TASK DETAILS -> Tally the lines of the listing that contain the string "roll". Give the number and nothing else.

____________

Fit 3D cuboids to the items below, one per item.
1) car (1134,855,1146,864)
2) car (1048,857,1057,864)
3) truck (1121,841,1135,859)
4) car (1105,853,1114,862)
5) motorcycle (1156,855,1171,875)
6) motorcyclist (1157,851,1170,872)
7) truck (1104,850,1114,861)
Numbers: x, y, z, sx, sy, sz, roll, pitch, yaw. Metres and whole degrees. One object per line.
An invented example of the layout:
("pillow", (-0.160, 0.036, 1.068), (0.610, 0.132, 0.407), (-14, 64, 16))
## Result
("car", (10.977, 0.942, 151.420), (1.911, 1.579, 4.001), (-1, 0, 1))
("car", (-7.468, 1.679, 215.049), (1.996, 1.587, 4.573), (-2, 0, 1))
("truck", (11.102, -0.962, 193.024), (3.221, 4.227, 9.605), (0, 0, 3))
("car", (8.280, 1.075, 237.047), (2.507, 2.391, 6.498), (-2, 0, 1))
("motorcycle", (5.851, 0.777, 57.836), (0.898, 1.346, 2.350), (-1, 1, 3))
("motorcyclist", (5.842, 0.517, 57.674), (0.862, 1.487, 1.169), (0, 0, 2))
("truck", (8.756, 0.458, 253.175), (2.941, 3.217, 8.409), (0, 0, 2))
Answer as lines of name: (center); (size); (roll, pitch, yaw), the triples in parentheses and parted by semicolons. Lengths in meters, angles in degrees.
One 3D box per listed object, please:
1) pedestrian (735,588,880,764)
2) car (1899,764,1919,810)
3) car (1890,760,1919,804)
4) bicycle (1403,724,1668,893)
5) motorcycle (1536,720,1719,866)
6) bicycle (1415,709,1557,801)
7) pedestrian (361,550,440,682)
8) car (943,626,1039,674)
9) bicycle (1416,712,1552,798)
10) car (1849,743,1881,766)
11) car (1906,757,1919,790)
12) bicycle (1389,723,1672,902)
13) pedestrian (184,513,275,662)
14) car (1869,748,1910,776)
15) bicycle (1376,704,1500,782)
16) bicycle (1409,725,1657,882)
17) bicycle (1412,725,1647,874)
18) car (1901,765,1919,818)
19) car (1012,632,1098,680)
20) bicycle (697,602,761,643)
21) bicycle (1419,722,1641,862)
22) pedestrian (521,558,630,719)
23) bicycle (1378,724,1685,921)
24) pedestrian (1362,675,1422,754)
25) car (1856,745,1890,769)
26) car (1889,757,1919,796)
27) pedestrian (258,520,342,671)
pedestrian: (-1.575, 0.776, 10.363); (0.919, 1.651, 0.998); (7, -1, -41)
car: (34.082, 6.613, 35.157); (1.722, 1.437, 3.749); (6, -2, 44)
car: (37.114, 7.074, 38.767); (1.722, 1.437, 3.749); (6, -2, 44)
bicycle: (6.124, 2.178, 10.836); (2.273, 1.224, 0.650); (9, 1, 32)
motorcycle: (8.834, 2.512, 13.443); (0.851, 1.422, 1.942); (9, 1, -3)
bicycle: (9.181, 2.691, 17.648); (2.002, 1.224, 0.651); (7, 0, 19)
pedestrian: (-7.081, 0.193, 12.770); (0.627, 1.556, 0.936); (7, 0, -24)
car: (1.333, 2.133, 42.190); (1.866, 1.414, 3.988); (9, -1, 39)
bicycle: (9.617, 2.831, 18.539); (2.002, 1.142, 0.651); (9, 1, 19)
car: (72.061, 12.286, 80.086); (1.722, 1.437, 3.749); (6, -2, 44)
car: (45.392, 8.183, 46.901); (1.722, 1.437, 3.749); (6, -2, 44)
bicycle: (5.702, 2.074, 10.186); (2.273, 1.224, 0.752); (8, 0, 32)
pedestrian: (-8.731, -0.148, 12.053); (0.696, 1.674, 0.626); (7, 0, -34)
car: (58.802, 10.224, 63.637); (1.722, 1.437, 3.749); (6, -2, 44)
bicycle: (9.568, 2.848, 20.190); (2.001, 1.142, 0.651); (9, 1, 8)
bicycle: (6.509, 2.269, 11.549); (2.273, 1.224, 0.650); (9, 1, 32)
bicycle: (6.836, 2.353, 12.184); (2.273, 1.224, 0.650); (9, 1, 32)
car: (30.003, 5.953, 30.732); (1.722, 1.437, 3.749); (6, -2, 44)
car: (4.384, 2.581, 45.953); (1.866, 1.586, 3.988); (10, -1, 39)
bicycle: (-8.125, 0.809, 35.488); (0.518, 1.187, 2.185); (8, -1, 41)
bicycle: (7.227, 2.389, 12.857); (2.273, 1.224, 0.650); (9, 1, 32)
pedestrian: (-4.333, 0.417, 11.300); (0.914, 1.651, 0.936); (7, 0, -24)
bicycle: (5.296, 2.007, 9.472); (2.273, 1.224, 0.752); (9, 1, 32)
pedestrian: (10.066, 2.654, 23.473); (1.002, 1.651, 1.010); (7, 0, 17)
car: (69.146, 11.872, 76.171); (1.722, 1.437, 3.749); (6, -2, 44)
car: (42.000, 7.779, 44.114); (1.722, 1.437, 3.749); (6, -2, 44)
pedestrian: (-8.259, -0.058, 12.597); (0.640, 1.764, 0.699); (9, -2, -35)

____________

ANSWER TO THIS PROBLEM -> 2